I find that this feedback, along with yearly specific hiking or running goals such as run a 100 mile race or hike the Appalachian Trail (a 2020 goal) keep me on track and motivated.

In part 2, I will add my daily and weekly hiking and running goals and tracking methods.

Book Review Army of None: by Paul Scharre

Book Review Army of None: Autonomous Weapons and the Future of War by Paul Scharre (reviewed 8 July 2019)

We are witnessing the evolution of autonomous technologies in our world. As in much of technological evolution, military needs drive much of this development. Peter Scharre has done a remarkable job to explain autonomous technologies and how military establishment embrace autonomy: past, present and future. A critical question: “Would a robot know when it is lawful to kill, but wrong?”

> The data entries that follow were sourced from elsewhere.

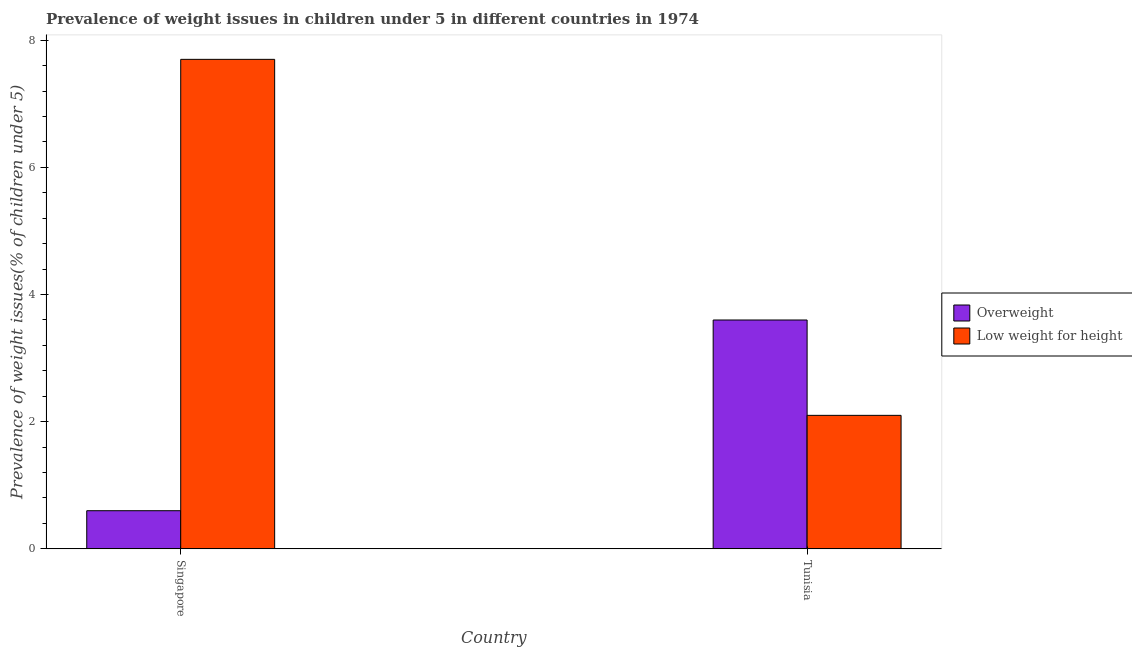How many different coloured bars are there?
Offer a very short reply. 2. How many groups of bars are there?
Ensure brevity in your answer.  2. Are the number of bars on each tick of the X-axis equal?
Ensure brevity in your answer.  Yes. How many bars are there on the 1st tick from the right?
Your answer should be compact. 2. What is the label of the 2nd group of bars from the left?
Give a very brief answer. Tunisia. What is the percentage of overweight children in Tunisia?
Make the answer very short. 3.6. Across all countries, what is the maximum percentage of underweight children?
Keep it short and to the point. 7.7. Across all countries, what is the minimum percentage of underweight children?
Your response must be concise. 2.1. In which country was the percentage of underweight children maximum?
Keep it short and to the point. Singapore. In which country was the percentage of overweight children minimum?
Your answer should be very brief. Singapore. What is the total percentage of overweight children in the graph?
Your response must be concise. 4.2. What is the difference between the percentage of underweight children in Singapore and that in Tunisia?
Offer a very short reply. 5.6. What is the difference between the percentage of underweight children in Tunisia and the percentage of overweight children in Singapore?
Ensure brevity in your answer.  1.5. What is the average percentage of overweight children per country?
Your answer should be very brief. 2.1. What is the difference between the percentage of overweight children and percentage of underweight children in Singapore?
Provide a short and direct response. -7.1. In how many countries, is the percentage of underweight children greater than 2.4 %?
Your response must be concise. 1. What is the ratio of the percentage of underweight children in Singapore to that in Tunisia?
Ensure brevity in your answer.  3.67. Is the percentage of underweight children in Singapore less than that in Tunisia?
Your response must be concise. No. What does the 1st bar from the left in Singapore represents?
Provide a short and direct response. Overweight. What does the 1st bar from the right in Singapore represents?
Your answer should be very brief. Low weight for height. How many bars are there?
Your response must be concise. 4. How many countries are there in the graph?
Your response must be concise. 2. What is the difference between two consecutive major ticks on the Y-axis?
Offer a very short reply. 2. Does the graph contain any zero values?
Your answer should be very brief. No. Where does the legend appear in the graph?
Offer a very short reply. Center right. What is the title of the graph?
Provide a succinct answer. Prevalence of weight issues in children under 5 in different countries in 1974. Does "Investment in Transport" appear as one of the legend labels in the graph?
Give a very brief answer. No. What is the label or title of the X-axis?
Provide a succinct answer. Country. What is the label or title of the Y-axis?
Provide a short and direct response. Prevalence of weight issues(% of children under 5). What is the Prevalence of weight issues(% of children under 5) of Overweight in Singapore?
Offer a very short reply. 0.6. What is the Prevalence of weight issues(% of children under 5) of Low weight for height in Singapore?
Offer a terse response. 7.7. What is the Prevalence of weight issues(% of children under 5) in Overweight in Tunisia?
Offer a very short reply. 3.6. What is the Prevalence of weight issues(% of children under 5) of Low weight for height in Tunisia?
Ensure brevity in your answer.  2.1. Across all countries, what is the maximum Prevalence of weight issues(% of children under 5) in Overweight?
Provide a succinct answer. 3.6. Across all countries, what is the maximum Prevalence of weight issues(% of children under 5) in Low weight for height?
Give a very brief answer. 7.7. Across all countries, what is the minimum Prevalence of weight issues(% of children under 5) in Overweight?
Provide a succinct answer. 0.6. Across all countries, what is the minimum Prevalence of weight issues(% of children under 5) in Low weight for height?
Your response must be concise. 2.1. What is the total Prevalence of weight issues(% of children under 5) in Low weight for height in the graph?
Provide a succinct answer. 9.8. What is the difference between the Prevalence of weight issues(% of children under 5) of Overweight in Singapore and that in Tunisia?
Make the answer very short. -3. What is the difference between the Prevalence of weight issues(% of children under 5) in Low weight for height in Singapore and that in Tunisia?
Give a very brief answer. 5.6. What is the difference between the Prevalence of weight issues(% of children under 5) in Overweight and Prevalence of weight issues(% of children under 5) in Low weight for height in Singapore?
Your answer should be very brief. -7.1. What is the ratio of the Prevalence of weight issues(% of children under 5) in Low weight for height in Singapore to that in Tunisia?
Your answer should be compact. 3.67. What is the difference between the highest and the second highest Prevalence of weight issues(% of children under 5) of Overweight?
Your answer should be compact. 3. What is the difference between the highest and the second highest Prevalence of weight issues(% of children under 5) in Low weight for height?
Keep it short and to the point. 5.6. What is the difference between the highest and the lowest Prevalence of weight issues(% of children under 5) of Overweight?
Offer a very short reply. 3. What is the difference between the highest and the lowest Prevalence of weight issues(% of children under 5) in Low weight for height?
Offer a terse response. 5.6.

Let me jump to Scharre’s conclusion first: “Machines can do many things, but they cannot create meaning. They cannot answer these questions for us. Machines cannot tell us what we value, what choices we should make. The world we are creating is one that will have intelligent machines in it, but it is not for them. It is a world for us.” The author has done a remarkable job to explain what an autonomous world might look like.

Scharre spends considerable time to define and explain autonomy, here’s a cogent summary:

  • “Autonomy encompasses three distinct concepts: the type of task the machine is performing; the relationship of the human to the machine when performing that task; and the sophistication of the machine’s decision-making when performing the task. This means there are three different dimensions of autonomy. These dimensions are independent, and a machine can be “more autonomous” by increasing the amount of autonomy along any of these spectrums.”

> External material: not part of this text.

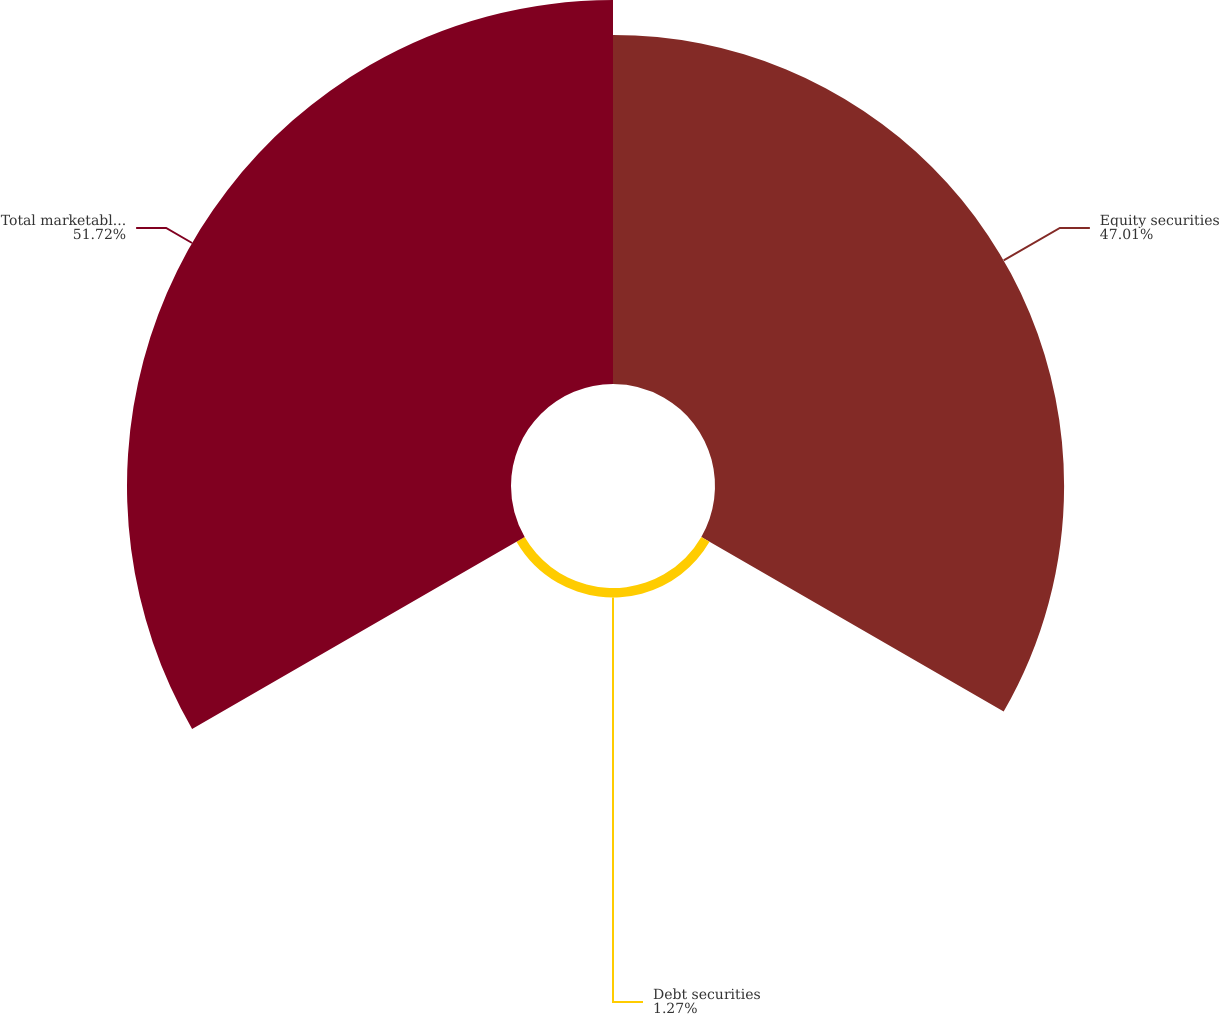Convert chart to OTSL. <chart><loc_0><loc_0><loc_500><loc_500><pie_chart><fcel>Equity securities<fcel>Debt securities<fcel>Total marketable securities<nl><fcel>47.01%<fcel>1.27%<fcel>51.71%<nl></chart>

These two quotes summarize some concerns about make autonomous systems fail-safe. (Spoiler alert: it can’t be done…)

  • “Failures may be unlikely, but over a long enough timeline they are inevitable. Engineers refer to these incidents as “normal accidents” because their occurrence is inevitable, even normal, in complex systems. “Why would autonomous systems be any different?” Borrie asked. The textbook example of a normal accident is the Three Mile Island nuclear power plant meltdown in 1979.”
  • “In 2017, a group of scientific experts called JASON tasked with studying the implications of AI for the Defense Department came to a similar conclusion. After an exhaustive analysis of the current state of the art in AI, they concluded: [T]he sheer magnitude, millions or billions of parameters (i.e. weights/biases/etc.), which are learned as part of the training of the net . . . makes it impossible to really understand exactly how the network does what it does. Thus the response of the network to all possible inputs is unknowable.”

Here are several passages capturing the future of autnomy. I’m trying to summarize a lot of the author’s work into just a few quotes:

  • “Artificial general intelligence (AGI) is a hypothetical future AI that would exhibit human-level intelligence across the full range of cognitive tasks. AGI could be applied to solving humanity’s toughest problems, including those that involve nuance, ambiguity, and uncertainty.”
  • ““intelligence explosion.” The concept was first outlined by I. J. Good in 1964: Let an ultraintelligent machine be defined as a machine that can far surpass all the intellectual activities of any man however clever. Since the design of machines is one of these intellectual activities, an ultraintelligent machine could design even better machines; there would then unquestionably be an “intelligence explosion,” and the intelligence of man would be left far behind. Thus the first ultraintelligent machine is the last invention that man need ever make, provided that the machine is docile enough to tell us how to keep it under control.” (This is also known as the Technological Singularity)
  • “Hybrid human-machine cognitive systems, often called “centaur warfighters” after the classic Greek myth of the half-human, half-horse creature, can leverage the precision and reliability of automation without sacrificing the robustness and flexibility of human intelligence.”

In summary, “Army of None” is well worth reading to gain an understanding of how autonomous technologies impact our world, now and in the future.